The Little Bohemia Lodge

At around 9:00 the last of the locals decide to leave ... twenty-eight-year-old John Hoffman, a gas station operator from the nearby town of Mercer, thirty-five-year-old Eugene Boiseneau, a logger at the government's Mercer CCC camp, and John Morris, the fifty-nine-year-old cook at the CCC camp.  To the crazed barking of the Wanatka pooches, as Baszo and Traube say good evening to their customers, the trio leaves the lodge and get into Hoffman's 1933 Chevy coupe.  Turning the ignition on, the car's radio instantly comes blaringly to life, drowning out any sounds that might be coming from the surrounding Wisconsin darkness ... sounds like demands that the men should stop and get out of the car.  The FBI has finally arrived at the Little Bohemia Lodge ... and so has death! 

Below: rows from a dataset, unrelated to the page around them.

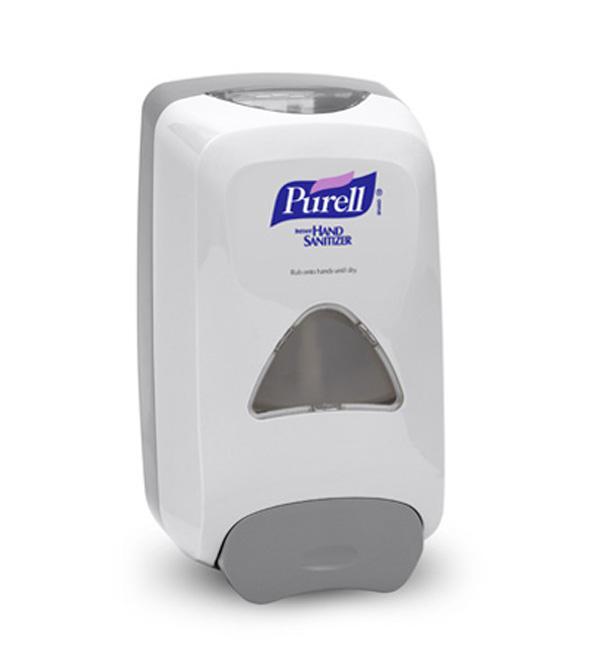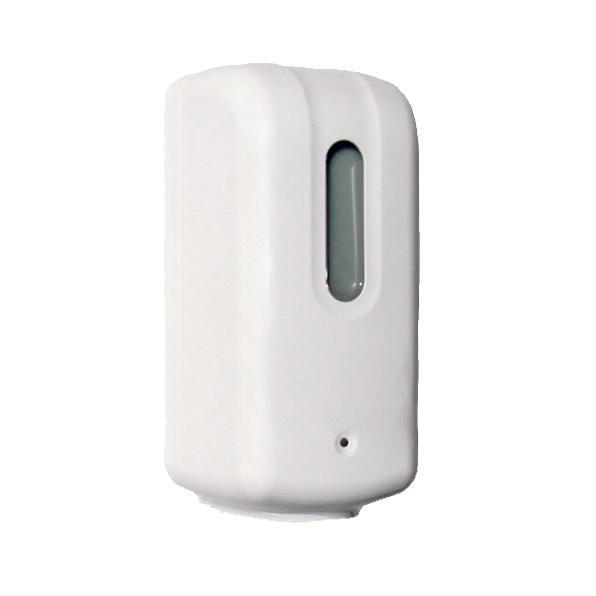The first image is the image on the left, the second image is the image on the right. Assess this claim about the two images: "There is a human hand in the image on the left.". Correct or not? Answer yes or no. No. 
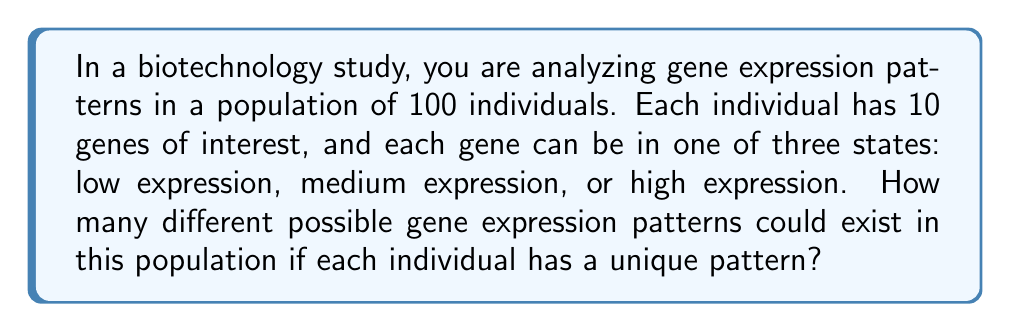Teach me how to tackle this problem. Let's approach this step-by-step:

1. First, we need to determine how many possible gene expression patterns exist for a single individual:
   - Each individual has 10 genes
   - Each gene can be in one of 3 states (low, medium, high)
   - This is a case of independent choices for each gene

2. The number of possible patterns for one individual is:
   $3^{10}$ (3 choices for each of the 10 genes)

3. Now, we need to consider the entire population:
   - There are 100 individuals
   - Each individual must have a unique pattern

4. This scenario is a permutation problem. We are selecting 100 unique patterns from the total number of possible patterns.

5. The number of ways to select 100 unique patterns from $3^{10}$ possible patterns is given by the permutation formula:

   $$P(3^{10}, 100) = \frac{3^{10}!}{(3^{10} - 100)!}$$

6. Let's calculate:
   $3^{10} = 59,049$

7. So our final calculation is:
   $$\frac{59,049!}{(59,049 - 100)!} = \frac{59,049!}{58,949!}$$

8. This number is extremely large and would typically be left in this form or calculated using specialized software or approximation methods.
Answer: $\frac{59,049!}{58,949!}$ 
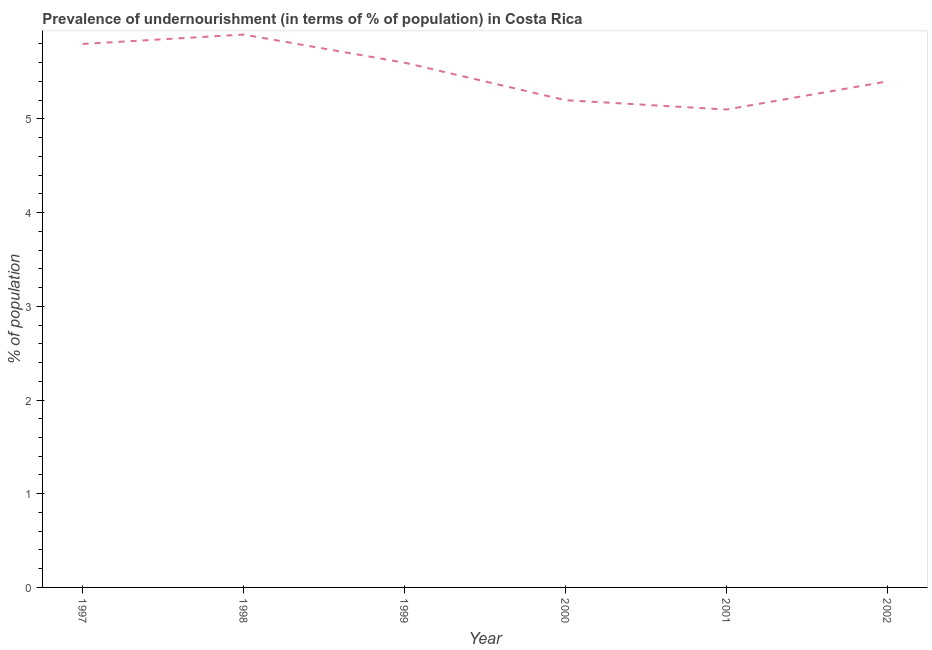In which year was the percentage of undernourished population maximum?
Your answer should be very brief. 1998. What is the sum of the percentage of undernourished population?
Offer a very short reply. 33. What is the difference between the percentage of undernourished population in 2000 and 2001?
Provide a short and direct response. 0.1. What is the average percentage of undernourished population per year?
Provide a succinct answer. 5.5. Do a majority of the years between 1999 and 2000 (inclusive) have percentage of undernourished population greater than 5.4 %?
Offer a terse response. No. What is the ratio of the percentage of undernourished population in 1998 to that in 2001?
Your response must be concise. 1.16. What is the difference between the highest and the second highest percentage of undernourished population?
Offer a very short reply. 0.1. Is the sum of the percentage of undernourished population in 1999 and 2000 greater than the maximum percentage of undernourished population across all years?
Make the answer very short. Yes. What is the difference between the highest and the lowest percentage of undernourished population?
Make the answer very short. 0.8. How many lines are there?
Ensure brevity in your answer.  1. Are the values on the major ticks of Y-axis written in scientific E-notation?
Keep it short and to the point. No. Does the graph contain any zero values?
Your answer should be very brief. No. What is the title of the graph?
Your answer should be very brief. Prevalence of undernourishment (in terms of % of population) in Costa Rica. What is the label or title of the X-axis?
Offer a terse response. Year. What is the label or title of the Y-axis?
Your answer should be compact. % of population. What is the % of population in 1997?
Your answer should be compact. 5.8. What is the % of population in 1998?
Your answer should be very brief. 5.9. What is the % of population in 2001?
Offer a terse response. 5.1. What is the difference between the % of population in 1997 and 1999?
Give a very brief answer. 0.2. What is the difference between the % of population in 1997 and 2001?
Offer a terse response. 0.7. What is the difference between the % of population in 1999 and 2000?
Provide a short and direct response. 0.4. What is the difference between the % of population in 1999 and 2002?
Ensure brevity in your answer.  0.2. What is the difference between the % of population in 2000 and 2001?
Give a very brief answer. 0.1. What is the difference between the % of population in 2000 and 2002?
Your answer should be very brief. -0.2. What is the difference between the % of population in 2001 and 2002?
Provide a short and direct response. -0.3. What is the ratio of the % of population in 1997 to that in 1999?
Offer a terse response. 1.04. What is the ratio of the % of population in 1997 to that in 2000?
Offer a very short reply. 1.11. What is the ratio of the % of population in 1997 to that in 2001?
Ensure brevity in your answer.  1.14. What is the ratio of the % of population in 1997 to that in 2002?
Make the answer very short. 1.07. What is the ratio of the % of population in 1998 to that in 1999?
Provide a succinct answer. 1.05. What is the ratio of the % of population in 1998 to that in 2000?
Ensure brevity in your answer.  1.14. What is the ratio of the % of population in 1998 to that in 2001?
Keep it short and to the point. 1.16. What is the ratio of the % of population in 1998 to that in 2002?
Offer a terse response. 1.09. What is the ratio of the % of population in 1999 to that in 2000?
Offer a terse response. 1.08. What is the ratio of the % of population in 1999 to that in 2001?
Offer a very short reply. 1.1. What is the ratio of the % of population in 2001 to that in 2002?
Keep it short and to the point. 0.94.

Nan Wanatka and the feisty Shadow and Prince

Following their plan, the lawmen make their final approach with lights off in their commandeered vehicles, and on arrival, the team blocks access to the lodge by parking two of the cars in a "V" (and manned by two agents armed with a shotgun and a rifle), then creep forward into positions in front and to the sides of the lodge, movements that cause the two alert collies to go wild ... actions that exactly coincide with five men coming out of the lodge.  Not yet ready for their raid to begin, nerves jangled from the trip to Wisconsin and then the bumpy night journey to Manitowish Waters, thinking that the dogs have alerted the gang, three of whom are in the process of attempting to flee, when the "STOP" order is ignored and the Chevy containing the lodge patrons begins to move forward, Clegg and Purvis both yell "FIRE!" ... a command that instantly brings a deluge of pistol, shotgun, and machine gun lead down on the car.  Windows shattering, tires blowing, and metal holed, Hoffman slams on the brakes and leaps out of the car, fleeing into the night with wounds to his right arm and right leg, along with facial cuts caused by the explosion of the vehicle's windows, while Morris tumbles out of the front passenger door bearing two machine gun slugs in his right shoulder and buckshot pellets in his right hip, groaning as he identifies himself as John (which doesn't help matters) and takes a long pull of whiskey from a metal flask he pulls out of his back pocket (a move which almost gets him shot again).  Only Boiseneau doesn't move ... sandwiched between the two men in the front seat, the CCC worker is dead from bullet strikes to his head and chest.  Lasting only a matter of a few seconds, the FBI has mistakenly shot the shit out of three innocent citizens.

The bullet torn Chevy

But before the Federals can react to their horrible error, more gunfire from automatic weapons suddenly erupts from the lodge and one of the cabins ... warned by the shooting outside, the real prey of the raid is now aware of the presence of lawmen on the property ... and is responding with bullets.